◆ Exercise description
Output the lines from the one containing "Where should I" through the last line of the material below, exactly; please do not include pictures.

◆ Record excerpts

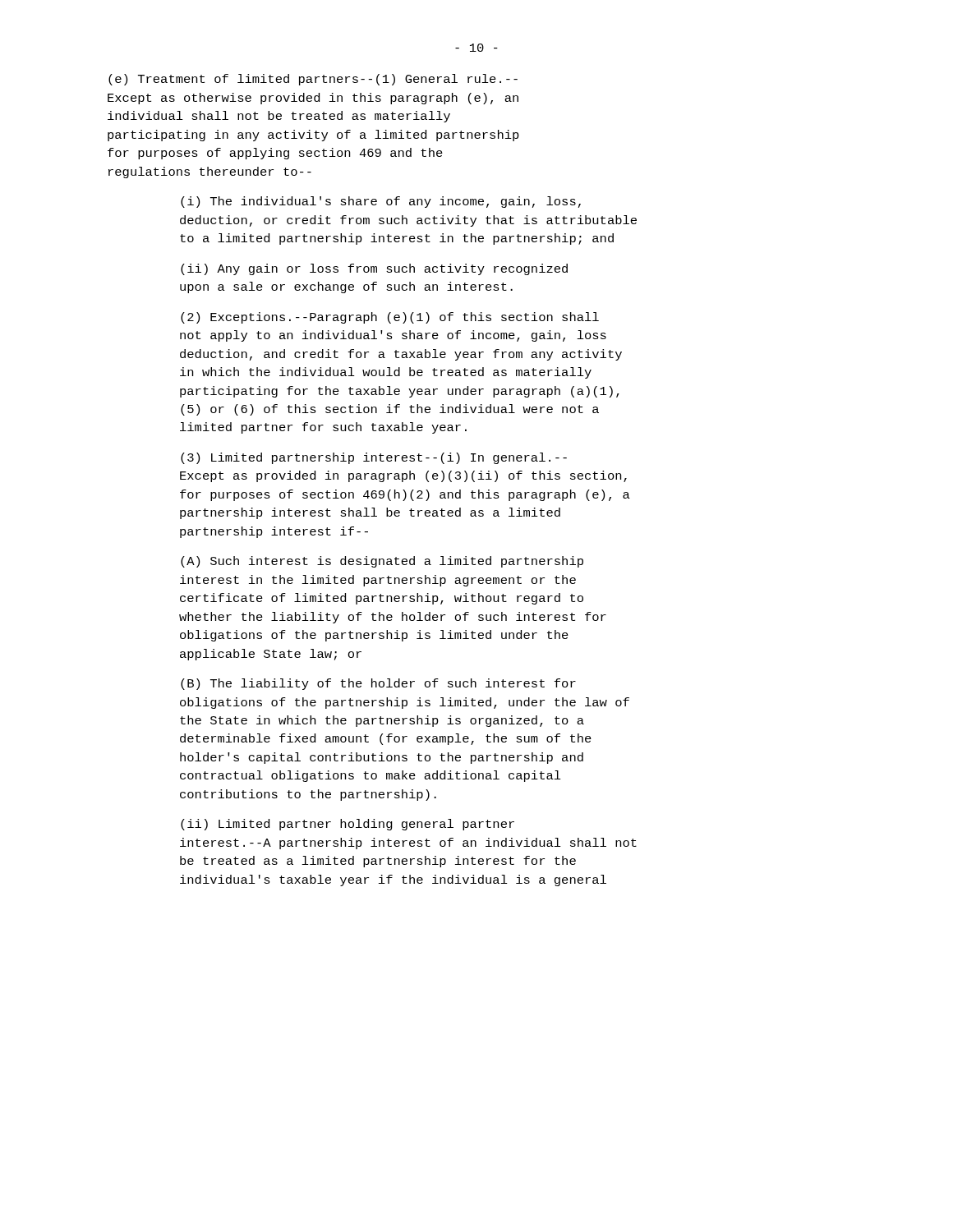Navigate to the passage starting "(i) The individual's share"
This screenshot has width=953, height=1232.
pos(408,221)
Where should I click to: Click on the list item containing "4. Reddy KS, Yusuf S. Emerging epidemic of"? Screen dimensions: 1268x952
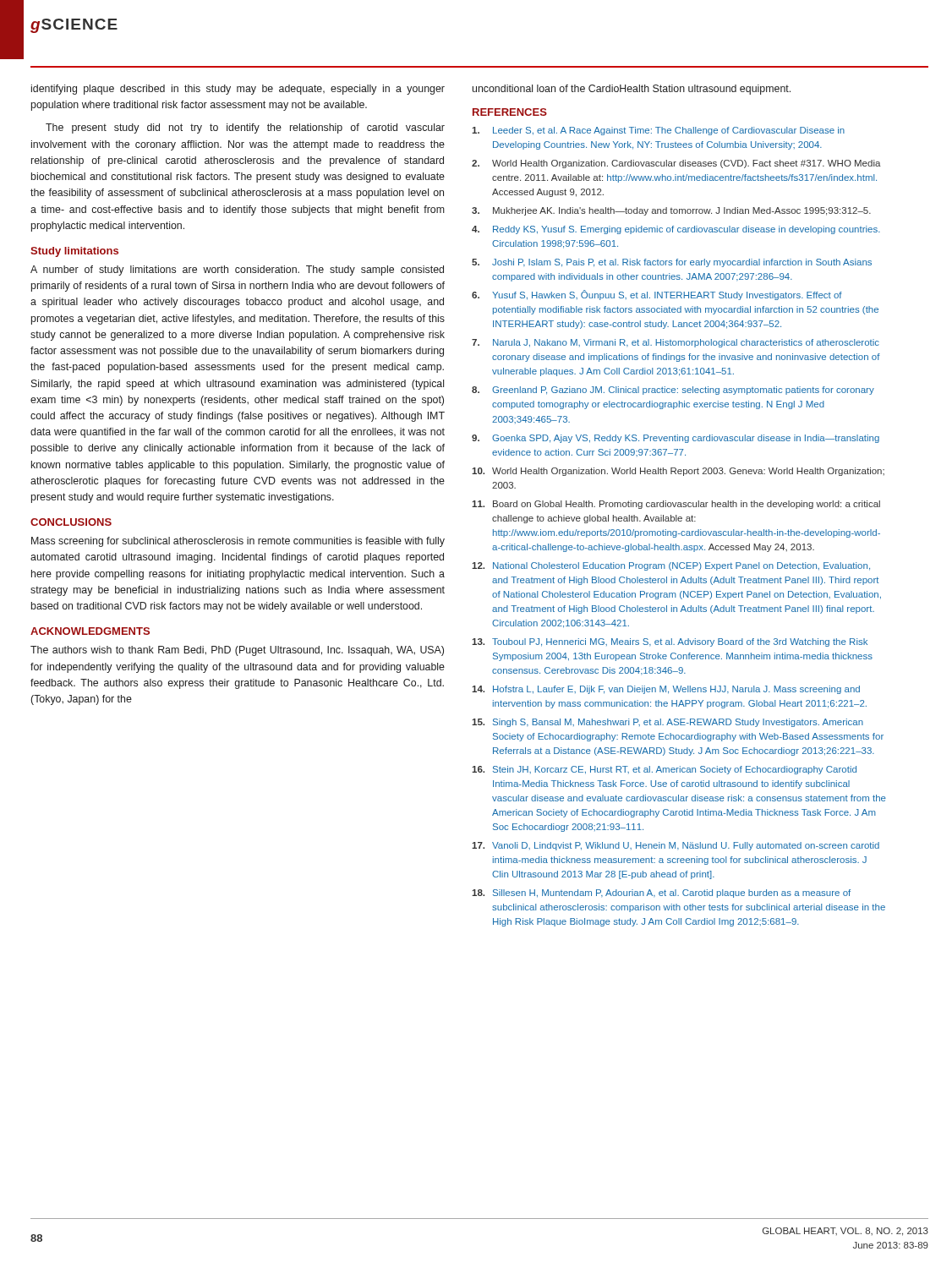coord(679,237)
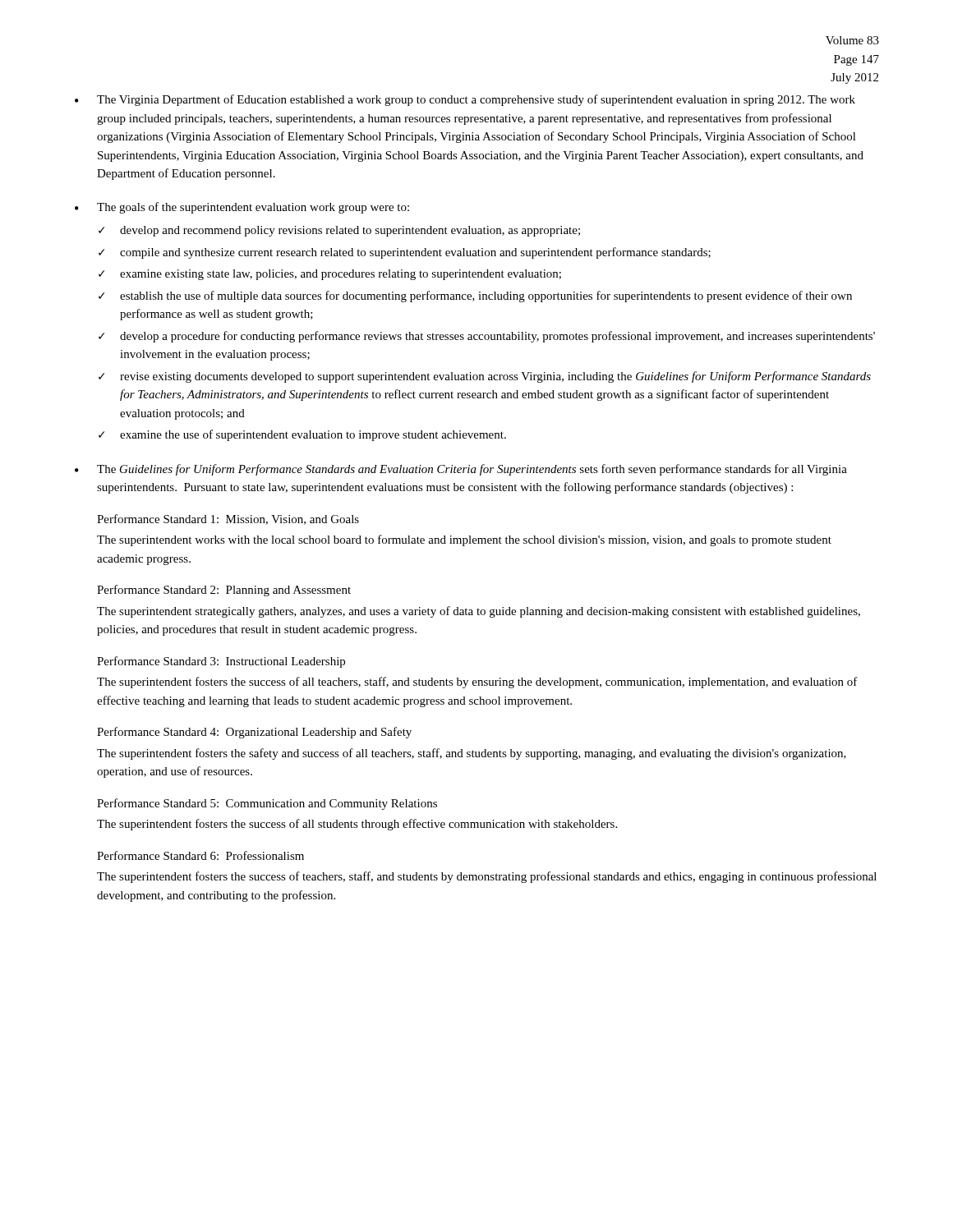Select the block starting "✓ examine existing state law, policies, and procedures"
This screenshot has width=953, height=1232.
coord(488,274)
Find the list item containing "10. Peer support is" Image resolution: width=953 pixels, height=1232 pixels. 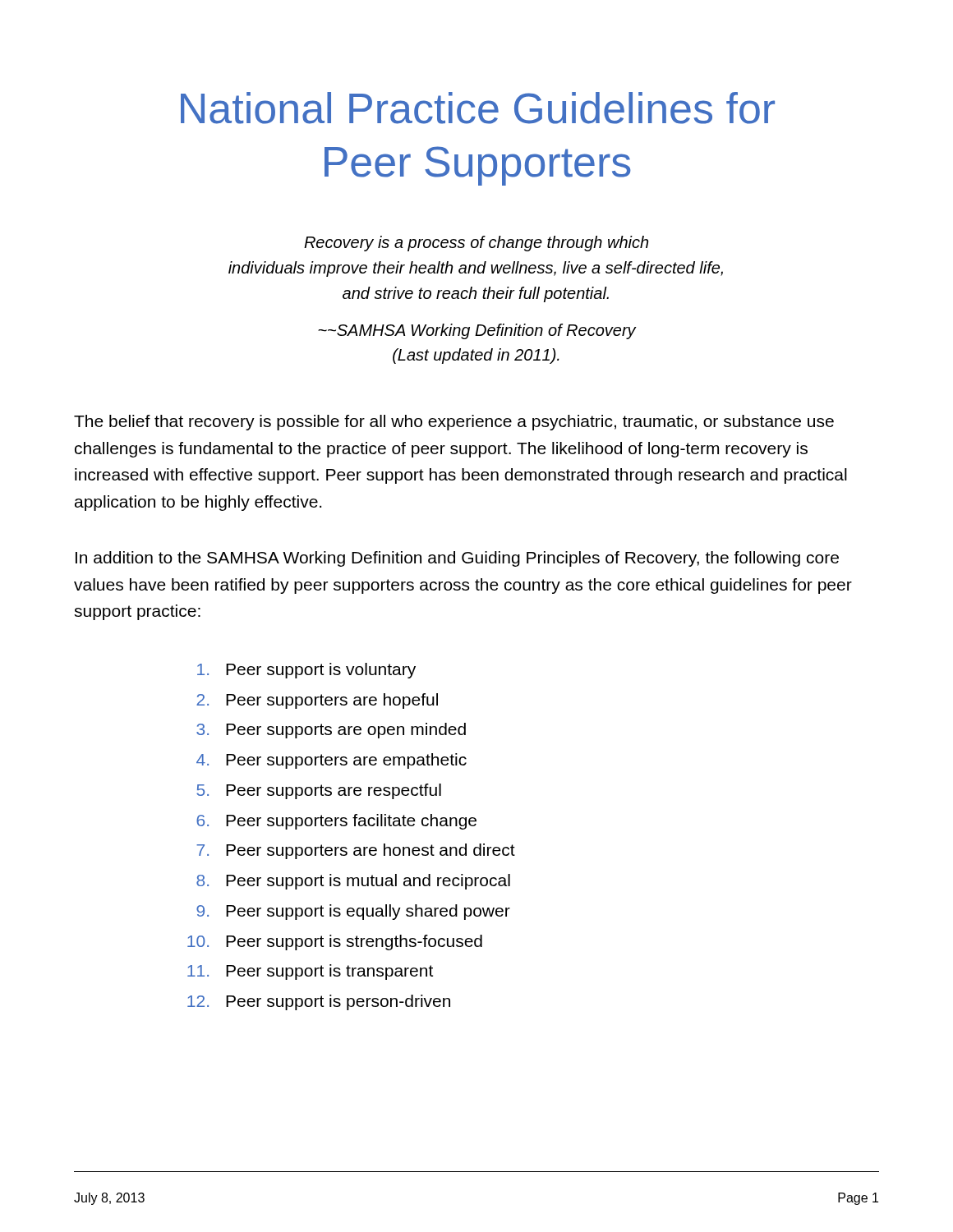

◆ Exercise solution
Where should I click to: Click on the list item containing "4. Reddy KS, Yusuf S. Emerging epidemic of"? Screen dimensions: 1268x952
coord(679,237)
Select the block starting "✓ examine existing state law, policies, and procedures"
This screenshot has width=953, height=1232.
coord(488,274)
Find the list item containing "10. Peer support is" Image resolution: width=953 pixels, height=1232 pixels. 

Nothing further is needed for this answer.